--- Data Enclosed Below ---

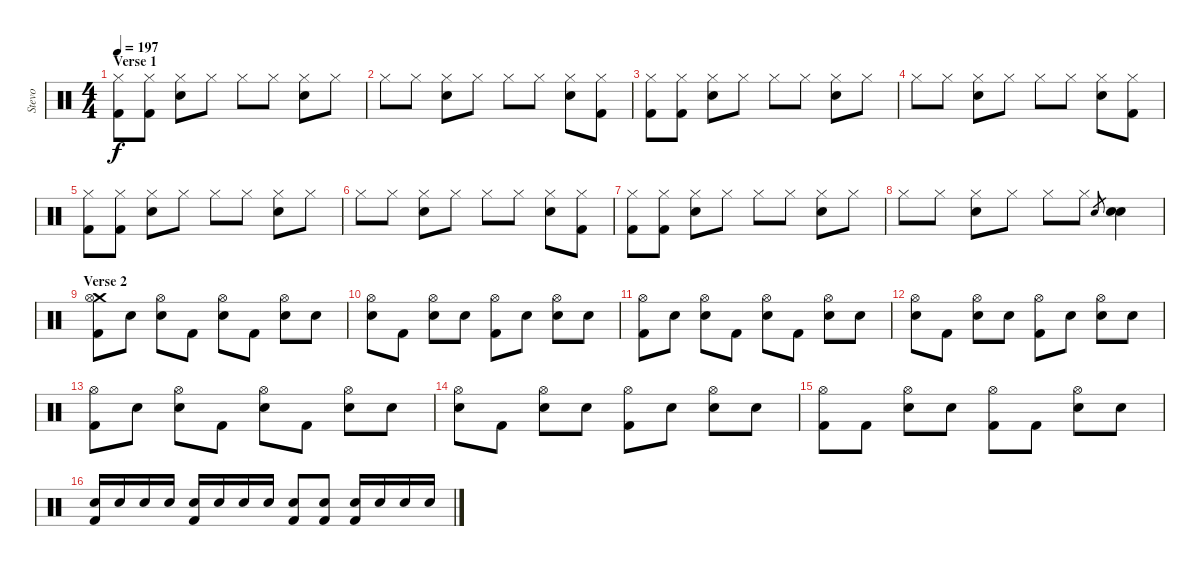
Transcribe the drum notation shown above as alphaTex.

\track ("Stevo" "Stevo") {instrument percussion}
\staff {score}
\articulation defaults
\ts (4 4)
\section ("" "Verse 1")
\tempo 197
\clef neutral
\ks c
("Hi-Hat (closed)" "Kick (hit) 2").8{dy f} ("Hi-Hat (closed)" "Kick (hit) 2").8 ("Hi-Hat (closed)" "Electric Snare (hit)").8 "Hi-Hat (closed)".8 "Hi-Hat (closed)".8 "Hi-Hat (closed)".8 ("Hi-Hat (closed)" "Electric Snare (hit)").8 "Hi-Hat (closed)".8 |
"Hi-Hat (closed)".8 "Hi-Hat (closed)".8 ("Hi-Hat (closed)" "Electric Snare (hit)").8 "Hi-Hat (closed)".8 "Hi-Hat (closed)".8 "Hi-Hat (closed)".8 ("Hi-Hat (closed)" "Electric Snare (hit)").8 ("Hi-Hat (closed)" "Kick (hit) 2").8 |
("Hi-Hat (closed)" "Kick (hit) 2").8 ("Hi-Hat (closed)" "Kick (hit) 2").8 ("Hi-Hat (closed)" "Electric Snare (hit)").8 "Hi-Hat (closed)".8 "Hi-Hat (closed)".8 "Hi-Hat (closed)".8 ("Hi-Hat (closed)" "Electric Snare (hit)").8 "Hi-Hat (closed)".8 |
"Hi-Hat (closed)".8 "Hi-Hat (closed)".8 ("Hi-Hat (closed)" "Electric Snare (hit)").8 "Hi-Hat (closed)".8 "Hi-Hat (closed)".8 "Hi-Hat (closed)".8 ("Hi-Hat (closed)" "Electric Snare (hit)").8 ("Hi-Hat (closed)" "Kick (hit) 2").8 |
("Hi-Hat (closed)" "Kick (hit) 2").8 ("Hi-Hat (closed)" "Kick (hit) 2").8 ("Hi-Hat (closed)" "Electric Snare (hit)").8 "Hi-Hat (closed)".8 "Hi-Hat (closed)".8 "Hi-Hat (closed)".8 ("Hi-Hat (closed)" "Electric Snare (hit)").8 "Hi-Hat (closed)".8 |
"Hi-Hat (closed)".8 "Hi-Hat (closed)".8 ("Hi-Hat (closed)" "Electric Snare (hit)").8 "Hi-Hat (closed)".8 "Hi-Hat (closed)".8 "Hi-Hat (closed)".8 ("Hi-Hat (closed)" "Electric Snare (hit)").8 ("Hi-Hat (closed)" "Kick (hit) 2").8 |
("Hi-Hat (closed)" "Kick (hit) 2").8 ("Hi-Hat (closed)" "Kick (hit) 2").8 ("Hi-Hat (closed)" "Electric Snare (hit)").8 "Hi-Hat (closed)".8 "Hi-Hat (closed)".8 "Hi-Hat (closed)".8 ("Hi-Hat (closed)" "Electric Snare (hit)").8 "Hi-Hat (closed)".8 |
"Hi-Hat (closed)".8 "Hi-Hat (closed)".8 ("Hi-Hat (closed)" "Electric Snare (hit)").8 "Hi-Hat (closed)".8 "Hi-Hat (closed)".8 "Hi-Hat (closed)".8 "Electric Snare (hit)".8{gr} ("Electric Snare (hit)" "Electric Snare (hit)").4 |
\section ("" "Verse 2")
("Crash medium (hit)" "Hi-Hat (open)" "Kick (hit) 2").8 "Snare (hit)".8 ("Hi-Hat (open)" "Electric Snare (hit)").8 "Kick (hit) 2".8 ("Hi-Hat (open)" "Snare (hit)").8 "Kick (hit) 2".8 ("Hi-Hat (open)" "Electric Snare (hit)").8 "Snare (hit)".8 |
("Hi-Hat (open)" "Snare (hit)").8 "Kick (hit) 2".8 ("Hi-Hat (open)" "Electric Snare (hit)").8 "Snare (hit)".8 ("Hi-Hat (open)" "Kick (hit) 2").8 "Snare (hit)".8 ("Hi-Hat (open)" "Electric Snare (hit)").8 "Snare (hit)".8 |
("Hi-Hat (open)" "Kick (hit) 2").8 "Snare (hit)".8 ("Hi-Hat (open)" "Electric Snare (hit)").8 "Kick (hit) 2".8 ("Hi-Hat (open)" "Snare (hit)").8 "Kick (hit) 2".8 ("Hi-Hat (open)" "Electric Snare (hit)").8 "Snare (hit)".8 |
("Hi-Hat (open)" "Snare (hit)").8 "Kick (hit) 2".8 ("Hi-Hat (open)" "Electric Snare (hit)").8 "Snare (hit)".8 ("Hi-Hat (open)" "Kick (hit) 2").8 "Snare (hit)".8 ("Hi-Hat (open)" "Electric Snare (hit)").8 "Snare (hit)".8 |
("Hi-Hat (open)" "Kick (hit) 2").8 "Snare (hit)".8 ("Hi-Hat (open)" "Electric Snare (hit)").8 "Kick (hit) 2".8 ("Hi-Hat (open)" "Snare (hit)").8 "Kick (hit) 2".8 ("Hi-Hat (open)" "Electric Snare (hit)").8 "Snare (hit)".8 |
("Hi-Hat (open)" "Snare (hit)").8 "Kick (hit) 2".8 ("Hi-Hat (open)" "Electric Snare (hit)").8 "Snare (hit)".8 ("Hi-Hat (open)" "Kick (hit) 2").8 "Snare (hit)".8 ("Hi-Hat (open)" "Electric Snare (hit)").8 "Snare (hit)".8 |
("Hi-Hat (open)" "Kick (hit) 2").8 "Kick (hit) 2".8 ("Hi-Hat (open)" "Electric Snare (hit)").8 "Snare (hit)".8 ("Hi-Hat (open)" "Kick (hit) 2").8 "Kick (hit) 2".8 ("Hi-Hat (open)" "Electric Snare (hit)").8 "Snare (hit)".8 |
("Electric Snare (hit)" "Kick (hit) 2").16 "Electric Snare (hit)".16 "Electric Snare (hit)".16 "Electric Snare (hit)".16 ("Electric Snare (hit)" "Kick (hit) 2").16 "Electric Snare (hit)".16 "Electric Snare (hit)".16 "Electric Snare (hit)".16 ("Electric Snare (hit)" "Kick (hit) 2").8 ("Electric Snare (hit)" "Kick (hit) 2").8 ("Electric Snare (hit)" "Kick (hit) 2").16 "Electric Snare (hit)".16 "Electric Snare (hit)".16 "Electric Snare (hit)".16

--- End of Enclosed Data ---

Task: Word for word, set down every line of the records above, and leave the pictures out.

Exercise response:
Transcribe the drum notation shown above as alphaTex.

\track ("Stevo" "Stevo") {instrument percussion}
\staff {score}
\articulation defaults
\ts (4 4)
\section ("" "Verse 1")
\tempo 197
\clef neutral
\ks c
("Hi-Hat (closed)" "Kick (hit) 2").8{dy f} ("Hi-Hat (closed)" "Kick (hit) 2").8 ("Hi-Hat (closed)" "Electric Snare (hit)").8 "Hi-Hat (closed)".8 "Hi-Hat (closed)".8 "Hi-Hat (closed)".8 ("Hi-Hat (closed)" "Electric Snare (hit)").8 "Hi-Hat (closed)".8 |
"Hi-Hat (closed)".8 "Hi-Hat (closed)".8 ("Hi-Hat (closed)" "Electric Snare (hit)").8 "Hi-Hat (closed)".8 "Hi-Hat (closed)".8 "Hi-Hat (closed)".8 ("Hi-Hat (closed)" "Electric Snare (hit)").8 ("Hi-Hat (closed)" "Kick (hit) 2").8 |
("Hi-Hat (closed)" "Kick (hit) 2").8 ("Hi-Hat (closed)" "Kick (hit) 2").8 ("Hi-Hat (closed)" "Electric Snare (hit)").8 "Hi-Hat (closed)".8 "Hi-Hat (closed)".8 "Hi-Hat (closed)".8 ("Hi-Hat (closed)" "Electric Snare (hit)").8 "Hi-Hat (closed)".8 |
"Hi-Hat (closed)".8 "Hi-Hat (closed)".8 ("Hi-Hat (closed)" "Electric Snare (hit)").8 "Hi-Hat (closed)".8 "Hi-Hat (closed)".8 "Hi-Hat (closed)".8 ("Hi-Hat (closed)" "Electric Snare (hit)").8 ("Hi-Hat (closed)" "Kick (hit) 2").8 |
("Hi-Hat (closed)" "Kick (hit) 2").8 ("Hi-Hat (closed)" "Kick (hit) 2").8 ("Hi-Hat (closed)" "Electric Snare (hit)").8 "Hi-Hat (closed)".8 "Hi-Hat (closed)".8 "Hi-Hat (closed)".8 ("Hi-Hat (closed)" "Electric Snare (hit)").8 "Hi-Hat (closed)".8 |
"Hi-Hat (closed)".8 "Hi-Hat (closed)".8 ("Hi-Hat (closed)" "Electric Snare (hit)").8 "Hi-Hat (closed)".8 "Hi-Hat (closed)".8 "Hi-Hat (closed)".8 ("Hi-Hat (closed)" "Electric Snare (hit)").8 ("Hi-Hat (closed)" "Kick (hit) 2").8 |
("Hi-Hat (closed)" "Kick (hit) 2").8 ("Hi-Hat (closed)" "Kick (hit) 2").8 ("Hi-Hat (closed)" "Electric Snare (hit)").8 "Hi-Hat (closed)".8 "Hi-Hat (closed)".8 "Hi-Hat (closed)".8 ("Hi-Hat (closed)" "Electric Snare (hit)").8 "Hi-Hat (closed)".8 |
"Hi-Hat (closed)".8 "Hi-Hat (closed)".8 ("Hi-Hat (closed)" "Electric Snare (hit)").8 "Hi-Hat (closed)".8 "Hi-Hat (closed)".8 "Hi-Hat (closed)".8 "Electric Snare (hit)".8{gr} ("Electric Snare (hit)" "Electric Snare (hit)").4 |
\section ("" "Verse 2")
("Crash medium (hit)" "Hi-Hat (open)" "Kick (hit) 2").8 "Snare (hit)".8 ("Hi-Hat (open)" "Electric Snare (hit)").8 "Kick (hit) 2".8 ("Hi-Hat (open)" "Snare (hit)").8 "Kick (hit) 2".8 ("Hi-Hat (open)" "Electric Snare (hit)").8 "Snare (hit)".8 |
("Hi-Hat (open)" "Snare (hit)").8 "Kick (hit) 2".8 ("Hi-Hat (open)" "Electric Snare (hit)").8 "Snare (hit)".8 ("Hi-Hat (open)" "Kick (hit) 2").8 "Snare (hit)".8 ("Hi-Hat (open)" "Electric Snare (hit)").8 "Snare (hit)".8 |
("Hi-Hat (open)" "Kick (hit) 2").8 "Snare (hit)".8 ("Hi-Hat (open)" "Electric Snare (hit)").8 "Kick (hit) 2".8 ("Hi-Hat (open)" "Snare (hit)").8 "Kick (hit) 2".8 ("Hi-Hat (open)" "Electric Snare (hit)").8 "Snare (hit)".8 |
("Hi-Hat (open)" "Snare (hit)").8 "Kick (hit) 2".8 ("Hi-Hat (open)" "Electric Snare (hit)").8 "Snare (hit)".8 ("Hi-Hat (open)" "Kick (hit) 2").8 "Snare (hit)".8 ("Hi-Hat (open)" "Electric Snare (hit)").8 "Snare (hit)".8 |
("Hi-Hat (open)" "Kick (hit) 2").8 "Snare (hit)".8 ("Hi-Hat (open)" "Electric Snare (hit)").8 "Kick (hit) 2".8 ("Hi-Hat (open)" "Snare (hit)").8 "Kick (hit) 2".8 ("Hi-Hat (open)" "Electric Snare (hit)").8 "Snare (hit)".8 |
("Hi-Hat (open)" "Snare (hit)").8 "Kick (hit) 2".8 ("Hi-Hat (open)" "Electric Snare (hit)").8 "Snare (hit)".8 ("Hi-Hat (open)" "Kick (hit) 2").8 "Snare (hit)".8 ("Hi-Hat (open)" "Electric Snare (hit)").8 "Snare (hit)".8 |
("Hi-Hat (open)" "Kick (hit) 2").8 "Kick (hit) 2".8 ("Hi-Hat (open)" "Electric Snare (hit)").8 "Snare (hit)".8 ("Hi-Hat (open)" "Kick (hit) 2").8 "Kick (hit) 2".8 ("Hi-Hat (open)" "Electric Snare (hit)").8 "Snare (hit)".8 |
("Electric Snare (hit)" "Kick (hit) 2").16 "Electric Snare (hit)".16 "Electric Snare (hit)".16 "Electric Snare (hit)".16 ("Electric Snare (hit)" "Kick (hit) 2").16 "Electric Snare (hit)".16 "Electric Snare (hit)".16 "Electric Snare (hit)".16 ("Electric Snare (hit)" "Kick (hit) 2").8 ("Electric Snare (hit)" "Kick (hit) 2").8 ("Electric Snare (hit)" "Kick (hit) 2").16 "Electric Snare (hit)".16 "Electric Snare (hit)".16 "Electric Snare (hit)".16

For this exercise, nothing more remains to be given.